The spiral sand washing machine is the core equipment for purifying and
cleaning finished sand in large-scale quartz sand production lines (with a daily
processing capacity of ≥ 3000 tons). It is responsible for removing soil, dust,
and impurities from the surface of quartz sand (with a required cleanliness of ≥
98% and impurity content ≤ 0.5%), while completing dehydration operations,
directly determining the quality level and market competitiveness of finished
sand. If there is poor cleanliness (impurity content exceeding 2%), frequent
equipment blockage (more than 3 times a week), and low operating efficiency, it
will lead to unqualified finished sand, production line material breakage, and
significantly increase production costs. Based on the characteristics of quartz
sand cleaning process, summarize a three-step optimization plan to
comprehensively improve the operational stability and cleaning effect of the
spiral sand washing machine.
Step 1: Optimize the spiral structure and wear-resistant configuration,
strengthen cleaning and conveying capabilities
The rapid wear and tear of spiral blades, improper rotation speed, or lining
plate failure are the core reasons for poor cleanliness and blockage, which
require targeted adaptation to cleaning needs.

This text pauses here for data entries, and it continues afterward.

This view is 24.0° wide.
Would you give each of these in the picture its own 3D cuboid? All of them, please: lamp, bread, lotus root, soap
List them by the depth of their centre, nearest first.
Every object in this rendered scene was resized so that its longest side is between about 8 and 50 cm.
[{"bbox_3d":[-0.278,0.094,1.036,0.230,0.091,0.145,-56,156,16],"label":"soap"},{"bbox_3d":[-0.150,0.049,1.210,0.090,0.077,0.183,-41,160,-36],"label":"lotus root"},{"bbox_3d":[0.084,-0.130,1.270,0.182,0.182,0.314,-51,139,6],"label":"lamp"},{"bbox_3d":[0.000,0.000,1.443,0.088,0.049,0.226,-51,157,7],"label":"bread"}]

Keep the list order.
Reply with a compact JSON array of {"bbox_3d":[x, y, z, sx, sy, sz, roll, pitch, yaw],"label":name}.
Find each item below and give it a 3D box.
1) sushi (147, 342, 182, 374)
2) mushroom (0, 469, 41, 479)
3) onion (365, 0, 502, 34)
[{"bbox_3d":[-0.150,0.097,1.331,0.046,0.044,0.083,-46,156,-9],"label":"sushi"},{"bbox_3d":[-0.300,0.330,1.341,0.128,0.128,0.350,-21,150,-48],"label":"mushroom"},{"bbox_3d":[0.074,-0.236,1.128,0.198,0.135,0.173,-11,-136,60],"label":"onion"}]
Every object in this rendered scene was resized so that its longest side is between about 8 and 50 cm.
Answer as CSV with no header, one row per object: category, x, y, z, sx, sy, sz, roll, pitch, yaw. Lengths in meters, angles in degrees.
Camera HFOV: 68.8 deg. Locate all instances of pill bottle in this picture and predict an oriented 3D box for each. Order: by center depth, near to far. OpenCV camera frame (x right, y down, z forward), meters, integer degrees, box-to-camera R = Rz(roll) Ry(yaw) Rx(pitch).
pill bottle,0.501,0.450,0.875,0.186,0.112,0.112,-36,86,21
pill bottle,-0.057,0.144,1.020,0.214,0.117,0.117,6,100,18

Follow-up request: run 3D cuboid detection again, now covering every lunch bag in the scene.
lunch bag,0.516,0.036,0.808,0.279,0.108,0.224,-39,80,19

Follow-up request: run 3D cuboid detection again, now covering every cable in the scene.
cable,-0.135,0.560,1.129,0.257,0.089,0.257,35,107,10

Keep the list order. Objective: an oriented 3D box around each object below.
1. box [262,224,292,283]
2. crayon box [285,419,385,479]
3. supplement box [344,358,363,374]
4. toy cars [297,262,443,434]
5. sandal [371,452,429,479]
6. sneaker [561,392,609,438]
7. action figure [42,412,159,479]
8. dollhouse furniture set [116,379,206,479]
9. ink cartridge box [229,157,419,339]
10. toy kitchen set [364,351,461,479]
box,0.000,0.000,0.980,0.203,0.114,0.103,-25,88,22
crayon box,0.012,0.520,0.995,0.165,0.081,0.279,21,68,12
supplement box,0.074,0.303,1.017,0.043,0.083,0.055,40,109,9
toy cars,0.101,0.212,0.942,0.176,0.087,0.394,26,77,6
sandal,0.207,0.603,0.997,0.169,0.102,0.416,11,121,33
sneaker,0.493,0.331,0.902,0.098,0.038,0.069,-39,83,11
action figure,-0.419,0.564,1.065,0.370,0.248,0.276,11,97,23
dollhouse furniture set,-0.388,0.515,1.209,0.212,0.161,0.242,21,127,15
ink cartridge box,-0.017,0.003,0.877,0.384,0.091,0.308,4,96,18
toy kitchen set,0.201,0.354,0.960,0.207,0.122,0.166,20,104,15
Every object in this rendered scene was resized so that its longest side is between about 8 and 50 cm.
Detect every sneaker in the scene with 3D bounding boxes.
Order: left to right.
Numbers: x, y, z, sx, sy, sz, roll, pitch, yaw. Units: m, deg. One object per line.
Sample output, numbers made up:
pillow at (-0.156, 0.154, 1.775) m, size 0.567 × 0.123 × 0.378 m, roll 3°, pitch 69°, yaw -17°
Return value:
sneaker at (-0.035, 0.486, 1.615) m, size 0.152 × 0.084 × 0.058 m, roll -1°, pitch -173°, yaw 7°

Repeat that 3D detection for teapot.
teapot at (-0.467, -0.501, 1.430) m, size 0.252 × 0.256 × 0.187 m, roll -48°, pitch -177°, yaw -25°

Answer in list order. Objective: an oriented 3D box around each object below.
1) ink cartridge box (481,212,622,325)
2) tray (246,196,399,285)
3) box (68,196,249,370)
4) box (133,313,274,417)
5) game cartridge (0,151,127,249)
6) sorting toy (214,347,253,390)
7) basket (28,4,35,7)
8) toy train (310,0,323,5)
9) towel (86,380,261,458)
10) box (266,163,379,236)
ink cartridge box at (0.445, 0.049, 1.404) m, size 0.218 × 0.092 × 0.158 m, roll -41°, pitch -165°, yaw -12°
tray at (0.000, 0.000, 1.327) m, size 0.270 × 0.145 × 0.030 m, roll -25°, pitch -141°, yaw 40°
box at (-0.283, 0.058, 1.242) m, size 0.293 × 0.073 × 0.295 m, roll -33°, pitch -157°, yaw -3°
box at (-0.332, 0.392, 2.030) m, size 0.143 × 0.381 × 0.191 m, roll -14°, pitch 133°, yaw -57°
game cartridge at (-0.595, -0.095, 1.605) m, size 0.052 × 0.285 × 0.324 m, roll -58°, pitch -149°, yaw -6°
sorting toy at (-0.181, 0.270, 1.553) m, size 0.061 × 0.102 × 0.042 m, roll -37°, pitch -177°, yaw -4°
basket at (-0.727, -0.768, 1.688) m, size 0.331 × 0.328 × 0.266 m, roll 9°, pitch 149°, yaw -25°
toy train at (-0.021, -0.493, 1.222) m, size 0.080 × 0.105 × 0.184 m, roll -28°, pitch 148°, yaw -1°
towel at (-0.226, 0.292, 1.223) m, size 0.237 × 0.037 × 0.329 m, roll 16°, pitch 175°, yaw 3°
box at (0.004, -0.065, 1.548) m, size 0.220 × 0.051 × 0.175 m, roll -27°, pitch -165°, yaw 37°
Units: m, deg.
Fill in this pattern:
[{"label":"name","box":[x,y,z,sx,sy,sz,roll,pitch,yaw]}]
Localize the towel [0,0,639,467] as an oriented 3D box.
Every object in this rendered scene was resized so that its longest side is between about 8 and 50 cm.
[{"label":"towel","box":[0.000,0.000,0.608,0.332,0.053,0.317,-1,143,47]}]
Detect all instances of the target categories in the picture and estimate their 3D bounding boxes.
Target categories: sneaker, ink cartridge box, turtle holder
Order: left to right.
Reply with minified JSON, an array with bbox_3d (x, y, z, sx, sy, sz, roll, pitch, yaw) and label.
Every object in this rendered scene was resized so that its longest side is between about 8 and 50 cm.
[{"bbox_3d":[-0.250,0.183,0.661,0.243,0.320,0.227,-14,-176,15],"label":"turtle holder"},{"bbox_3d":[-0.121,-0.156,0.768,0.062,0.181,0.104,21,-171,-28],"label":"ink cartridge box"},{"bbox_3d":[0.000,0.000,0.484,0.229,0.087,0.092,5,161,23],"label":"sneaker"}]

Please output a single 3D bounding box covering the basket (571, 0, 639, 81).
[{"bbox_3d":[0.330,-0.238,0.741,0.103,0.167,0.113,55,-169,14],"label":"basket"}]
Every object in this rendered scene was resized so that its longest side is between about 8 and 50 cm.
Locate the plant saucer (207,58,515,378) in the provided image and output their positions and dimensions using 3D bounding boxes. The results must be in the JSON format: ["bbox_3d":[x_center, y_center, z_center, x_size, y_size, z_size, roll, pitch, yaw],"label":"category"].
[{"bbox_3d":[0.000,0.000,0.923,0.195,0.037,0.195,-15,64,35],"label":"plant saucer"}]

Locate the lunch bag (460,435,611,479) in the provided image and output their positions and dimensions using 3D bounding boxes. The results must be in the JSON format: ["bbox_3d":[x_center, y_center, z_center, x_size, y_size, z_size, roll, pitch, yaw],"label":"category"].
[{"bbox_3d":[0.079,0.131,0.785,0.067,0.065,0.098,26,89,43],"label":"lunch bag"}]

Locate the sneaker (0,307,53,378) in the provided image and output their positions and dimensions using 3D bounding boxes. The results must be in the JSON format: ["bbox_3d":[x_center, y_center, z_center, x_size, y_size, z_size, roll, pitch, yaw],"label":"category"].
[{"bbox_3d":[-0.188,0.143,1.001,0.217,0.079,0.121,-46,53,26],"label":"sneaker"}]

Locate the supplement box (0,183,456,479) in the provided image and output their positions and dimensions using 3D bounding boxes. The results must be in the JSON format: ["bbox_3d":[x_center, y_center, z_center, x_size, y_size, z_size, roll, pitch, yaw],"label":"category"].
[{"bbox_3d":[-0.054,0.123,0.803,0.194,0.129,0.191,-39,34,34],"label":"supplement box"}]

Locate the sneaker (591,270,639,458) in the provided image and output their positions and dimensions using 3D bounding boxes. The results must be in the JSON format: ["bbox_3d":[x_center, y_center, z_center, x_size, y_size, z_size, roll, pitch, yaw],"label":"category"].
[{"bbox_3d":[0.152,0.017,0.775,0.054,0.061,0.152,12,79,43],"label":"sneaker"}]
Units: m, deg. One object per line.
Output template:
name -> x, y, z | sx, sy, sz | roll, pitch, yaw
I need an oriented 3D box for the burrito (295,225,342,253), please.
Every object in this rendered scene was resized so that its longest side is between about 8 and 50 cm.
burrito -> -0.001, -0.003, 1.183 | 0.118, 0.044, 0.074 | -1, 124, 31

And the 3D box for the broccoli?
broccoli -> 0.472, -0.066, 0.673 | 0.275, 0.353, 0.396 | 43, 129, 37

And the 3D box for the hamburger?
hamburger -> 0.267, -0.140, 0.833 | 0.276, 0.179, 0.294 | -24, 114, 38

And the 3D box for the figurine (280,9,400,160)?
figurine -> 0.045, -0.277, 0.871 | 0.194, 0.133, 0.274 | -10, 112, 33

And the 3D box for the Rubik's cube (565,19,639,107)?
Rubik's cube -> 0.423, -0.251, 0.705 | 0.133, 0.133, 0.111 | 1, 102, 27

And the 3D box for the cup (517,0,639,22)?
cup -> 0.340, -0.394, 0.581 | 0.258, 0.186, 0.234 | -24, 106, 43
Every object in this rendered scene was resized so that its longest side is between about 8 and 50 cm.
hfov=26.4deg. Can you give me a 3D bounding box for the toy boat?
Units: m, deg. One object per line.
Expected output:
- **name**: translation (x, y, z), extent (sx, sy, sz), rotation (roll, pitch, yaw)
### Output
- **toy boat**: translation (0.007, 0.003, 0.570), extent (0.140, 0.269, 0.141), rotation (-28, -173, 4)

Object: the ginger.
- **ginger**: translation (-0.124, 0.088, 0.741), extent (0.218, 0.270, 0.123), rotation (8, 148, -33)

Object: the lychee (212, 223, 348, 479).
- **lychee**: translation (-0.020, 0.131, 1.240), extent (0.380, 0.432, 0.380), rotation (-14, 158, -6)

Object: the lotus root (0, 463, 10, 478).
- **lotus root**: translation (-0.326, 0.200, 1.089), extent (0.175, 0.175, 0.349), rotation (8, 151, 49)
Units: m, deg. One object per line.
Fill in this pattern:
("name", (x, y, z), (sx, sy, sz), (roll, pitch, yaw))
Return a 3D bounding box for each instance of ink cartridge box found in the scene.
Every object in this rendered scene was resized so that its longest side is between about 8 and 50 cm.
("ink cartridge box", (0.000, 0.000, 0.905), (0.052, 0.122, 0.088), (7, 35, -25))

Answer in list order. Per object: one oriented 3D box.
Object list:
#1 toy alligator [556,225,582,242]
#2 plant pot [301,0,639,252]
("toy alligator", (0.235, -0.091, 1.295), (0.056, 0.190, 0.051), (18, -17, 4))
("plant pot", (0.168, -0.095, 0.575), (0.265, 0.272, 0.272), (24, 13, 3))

Optimization of spiral blades and lining plates: ordinary steel plate blades
are selected. When facing quartz sand, friction and wear are fast, and the blade
thickness is reduced by more than 5mm, resulting in a decrease in pushing force;
The lack of wear-resistant lining plate causes the groove to wear out and the
cleaning trajectory to deviate. Replace the high chromium alloy spiral blades
(thickness ≥ 12mm, surface hardening treatment), improve wear resistance by more
than 3 times, and extend service life to over 1500h; Install polyurethane
wear-resistant lining plate (thickness 8-10mm) on the inner wall of the tank to
reduce material wear and minimize sand particle adhesion; Adjust the spacing
between spiral blades to 200-250mm, increase the frequency of material flipping,
enhance the adequacy of sand water contact, and achieve more thorough impurity
stripping.
Accurate control of spiral rotation speed: If the rotation speed is below
15r/min, the material flipping is not sufficient, and the soil cannot
effectively detach from the sand particles; Above 30r/min, excessive water flow
disturbance leads to the loss of fine sand and a significant increase in energy
consumption. Stabilize the speed at 20-25r/min through a variable frequency
speed control system, balancing cleaning effectiveness and resource
conservation; For quartz sand with high mud content, the rotation speed can be
adjusted to 23-25r/min to enhance the mixing and cleaning strength; Regularly
check the concentricity of the spiral shaft, with a deviation controlled within
0.5mm, to avoid incomplete cleaning caused by running shaking.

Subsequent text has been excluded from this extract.